# Differences between ABA , ABK , AEG ...engine blocks and heads



## mceoni (Sep 30, 2009)

I´m trying to know what is the difference between ABA, ABK and AEG blocks...anybody can help me ? and which one is the best for a Turbo and a 20V head, or maybe a 16V head. 
I have a brazilian Vw Saveiro Supersurf ( AP 1.6 ), and a APL .42/.48 turbo, and I wanna do a 2.0 16v T or 2.0 20v T...
Here in Brazil, we have ABKs only in Vw Gol GTI 97-00 I think,
And if I´m not wrong...ABAs on Vw Golf GLX Mk3 95-99...
and AEG on Golf, Jetta Mk4 00-04
but i don´t really know the difference, I heard AEGs blocks are made of alluminium, and they´re not very good for a high pressure boost, is it true ?
which one is better ?


----------



## the_q_jet (Mar 19, 2005)

*FV-QR*

none of them are made of aluminum...the AEG/AZG/AVH blocks in the mk4 are shorter using 144mm rods and the same stroke and bore as the ABA which uses 159mm rods. also the mk4 2.0 blocks are the same as the 1.8t blocks aside from the bore and stroke.


----------



## Jay-Bee (Sep 22, 2007)

*FV-QR*

AZG/AVH/BEV/BBW(MK4) and ABA(OBD-1) have piston oil squirters, AEG(MK4) and ABA(OBD-2) do not.
Besides the block height, most other things are minor and won't make much of a difference.


----------



## the_q_jet (Mar 19, 2005)

*FV-QR*


_Quote, originally posted by *Jay-Bee* »_AZG/AVH/BEV/BBW(MK4) and ABA(OBD-1) have piston oil squirters, AEG(MK4) and ABA(OBD-2) do not.

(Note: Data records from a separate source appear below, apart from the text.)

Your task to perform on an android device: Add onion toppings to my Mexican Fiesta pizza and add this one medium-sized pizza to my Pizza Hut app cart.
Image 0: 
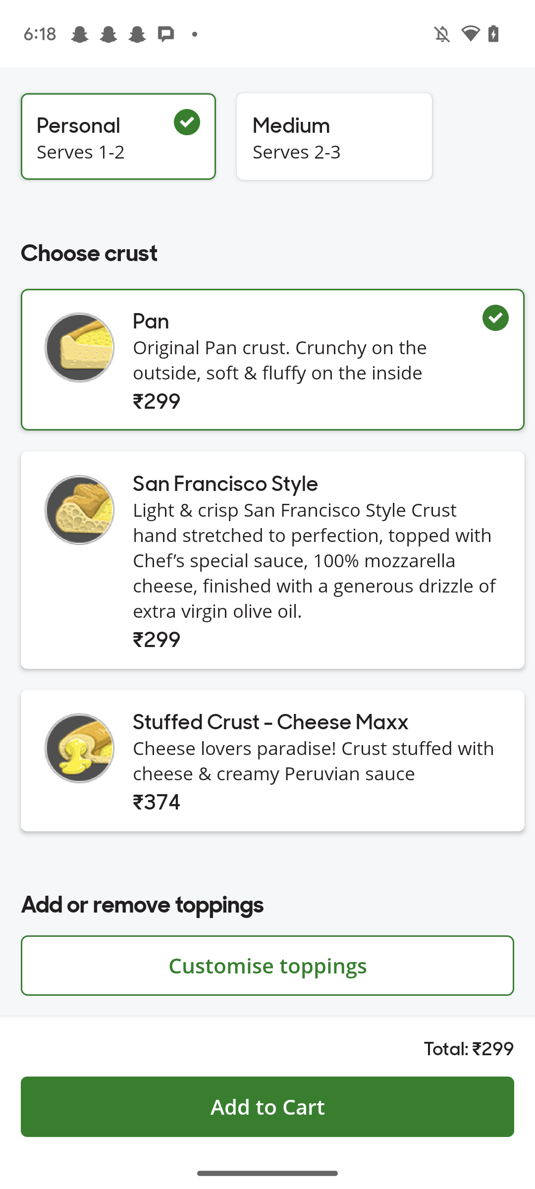
Click on the Medium size tab.
Step 0: click (342, 127)
Image 2: 
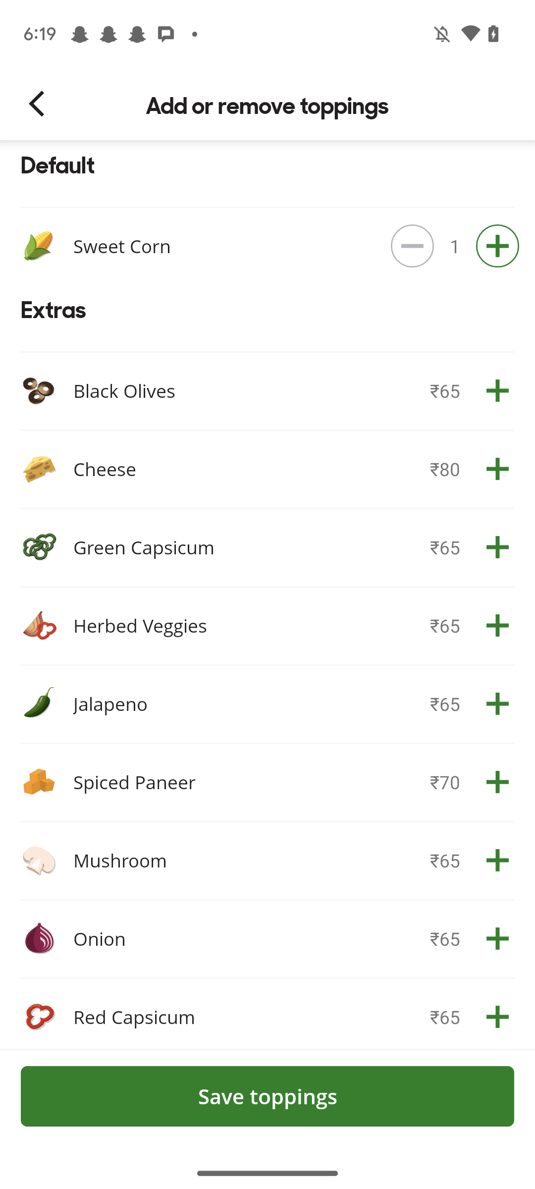
Click on the + icon of the onion tab.
Step 2: click (482, 944)
Image 3: 
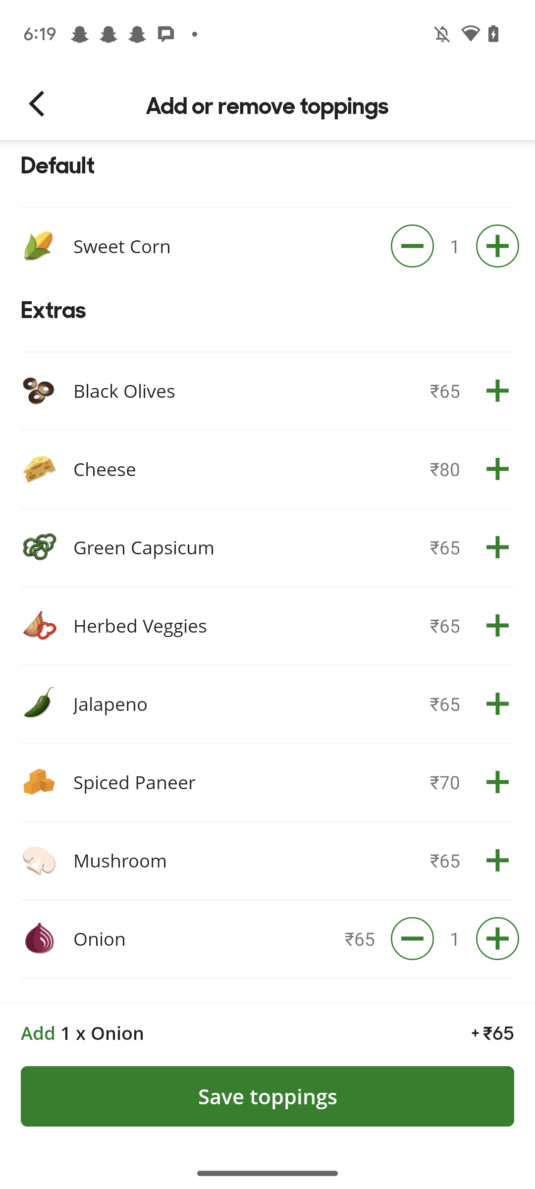
Click on the save toppings button at the bottom.
Step 3: click (267, 1096)
Image 4: 
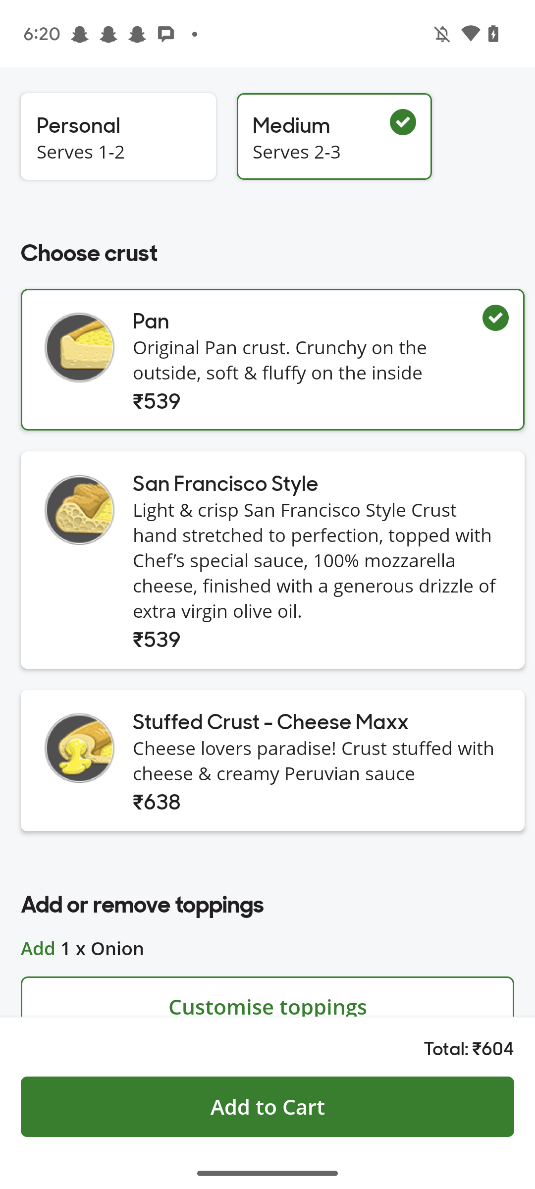
Click on the add to cart button at the bottom.
Step 4: click (267, 1107)
Image 5: 
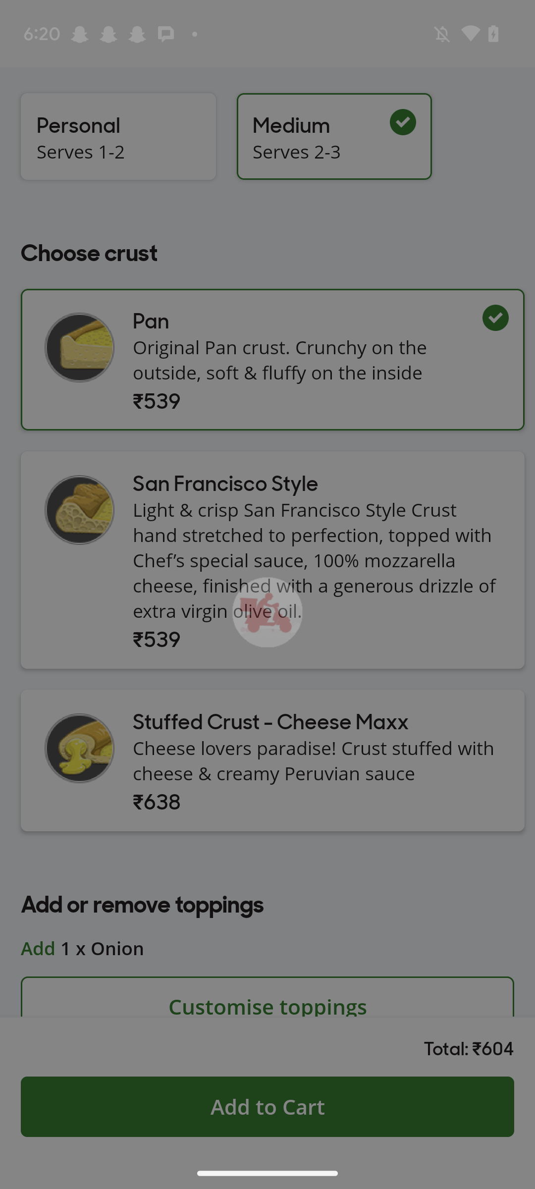
Click on the add to cart button at the bottom.
Step 5: wait
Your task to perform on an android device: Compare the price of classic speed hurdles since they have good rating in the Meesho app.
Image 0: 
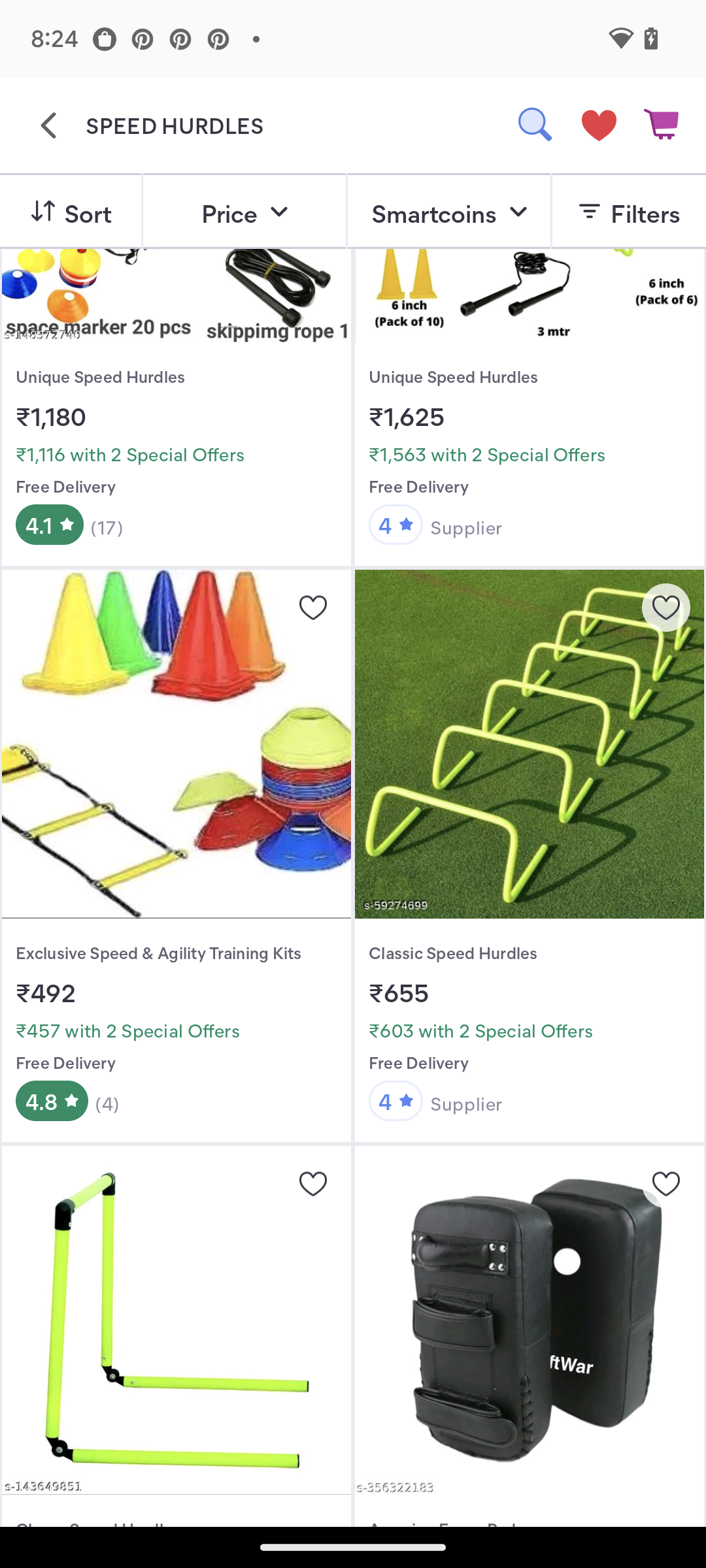
Click on the classic speed hurdles.
Step 0: click (529, 856)
Image 1: 
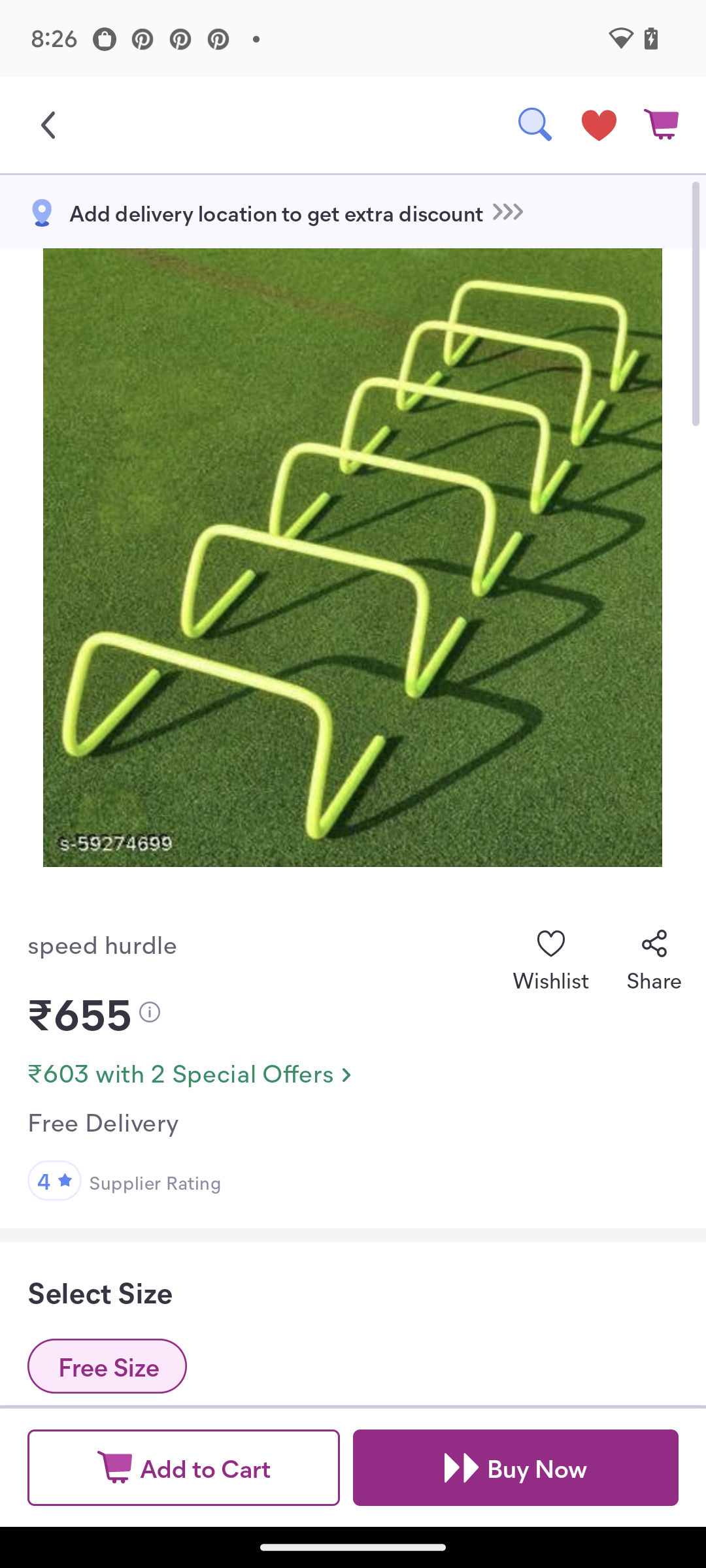
Swipe down to view similar products to compare the price.
Step 1: scroll down

AZG/AVH/BEV/BBW(california model lol) all have oil squirters as well


----------



## zucchini (Aug 30, 2009)

mceoni, 
talk to fabio at nascarchips são bernardo. he can help you choosing the best option. 1143671837


----------



## mceoni (Sep 30, 2009)

so...with 159mm rods we can have a lower r/l , right ? 
Doesn´t it means a higher RPM ?


----------



## the_q_jet (Mar 19, 2005)

*FV-QR*


_Quote, originally posted by *mceoni* »_so...with 159mm rods we can have a lower r/l , right ? 
Doesn´t it means a higher RPM ?


you'd want shorter rods.


----------